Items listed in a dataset
▶

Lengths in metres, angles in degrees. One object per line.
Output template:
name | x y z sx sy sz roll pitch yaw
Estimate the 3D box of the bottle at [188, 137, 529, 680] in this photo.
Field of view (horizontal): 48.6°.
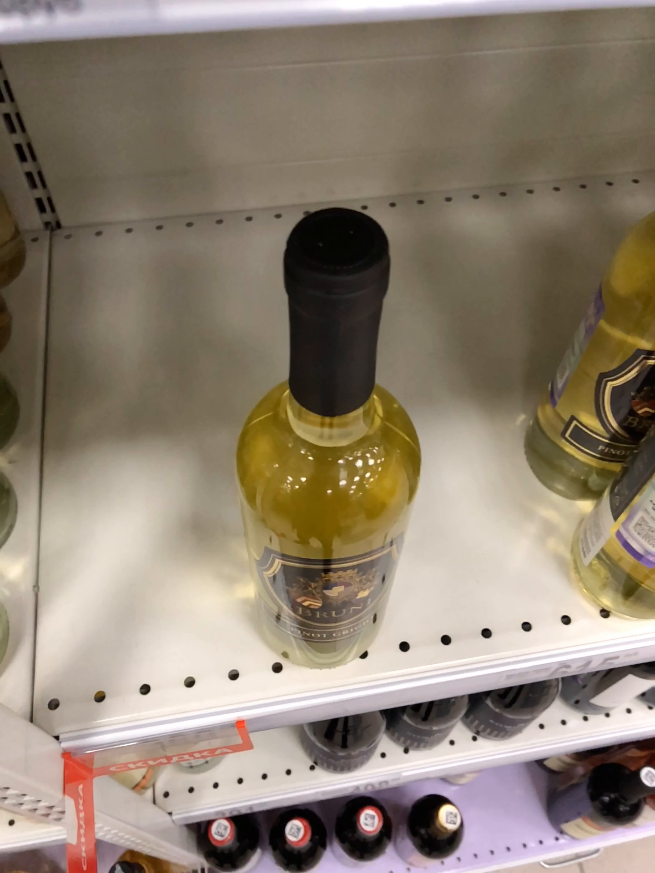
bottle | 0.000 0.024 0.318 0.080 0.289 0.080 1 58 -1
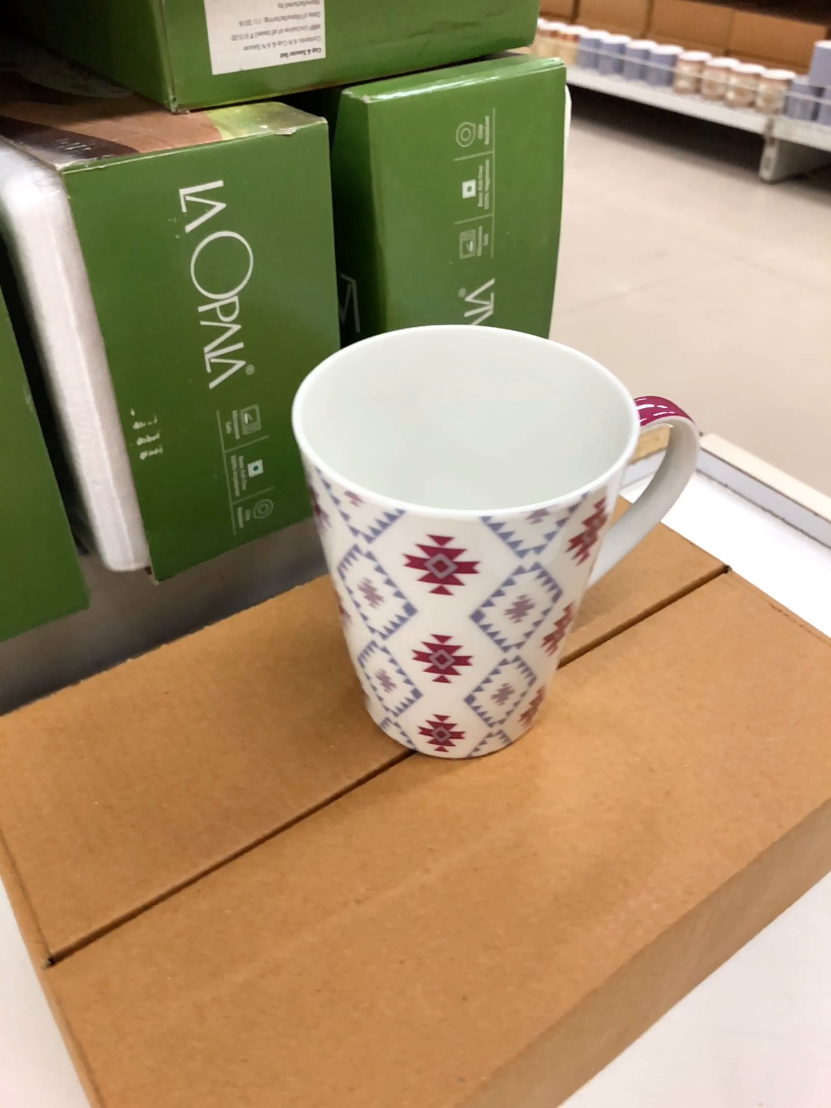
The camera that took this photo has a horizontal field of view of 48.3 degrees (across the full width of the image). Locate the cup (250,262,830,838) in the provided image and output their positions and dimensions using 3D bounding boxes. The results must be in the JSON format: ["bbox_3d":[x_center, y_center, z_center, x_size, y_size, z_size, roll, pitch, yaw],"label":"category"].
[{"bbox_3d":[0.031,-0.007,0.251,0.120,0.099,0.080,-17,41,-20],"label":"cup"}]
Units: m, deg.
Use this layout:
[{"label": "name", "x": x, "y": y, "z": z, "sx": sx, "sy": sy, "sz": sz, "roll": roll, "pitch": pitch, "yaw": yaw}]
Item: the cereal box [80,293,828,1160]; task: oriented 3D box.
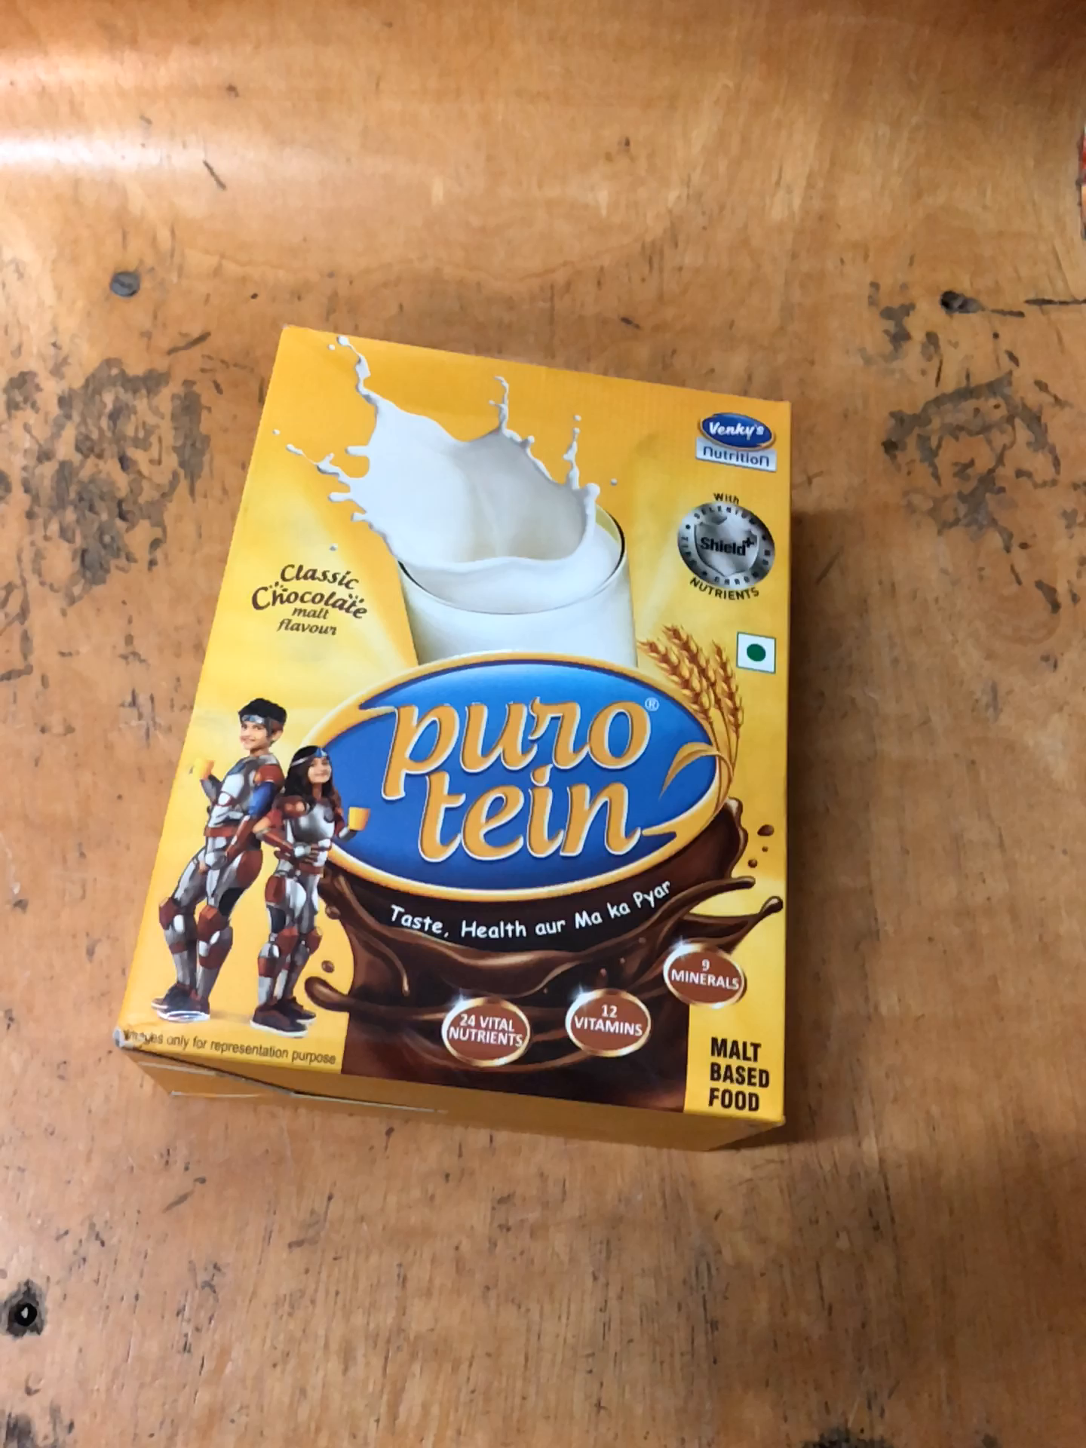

◀

▸ Try it
Every line of the records above should be reproduced exactly, with no pictures included.

▸ Response
Lengths in metres, angles in degrees. One object per line.
Output template:
name | x y z sx sy sz roll pitch yaw
Estimate the 3D box of the bottle at [188, 137, 529, 680] in this photo.
Field of view (horizontal): 48.6°.
bottle | 0.000 0.024 0.318 0.080 0.289 0.080 1 58 -1
The camera that took this photo has a horizontal field of view of 48.3 degrees (across the full width of the image). Locate the cup (250,262,830,838) in the provided image and output their positions and dimensions using 3D bounding boxes. The results must be in the JSON format: ["bbox_3d":[x_center, y_center, z_center, x_size, y_size, z_size, roll, pitch, yaw],"label":"category"].
[{"bbox_3d":[0.031,-0.007,0.251,0.120,0.099,0.080,-17,41,-20],"label":"cup"}]
Units: m, deg.
Use this layout:
[{"label": "name", "x": x, "y": y, "z": z, "sx": sx, "sy": sy, "sz": sz, "roll": roll, "pitch": pitch, "yaw": yaw}]
Item: the cereal box [80,293,828,1160]; task: oriented 3D box.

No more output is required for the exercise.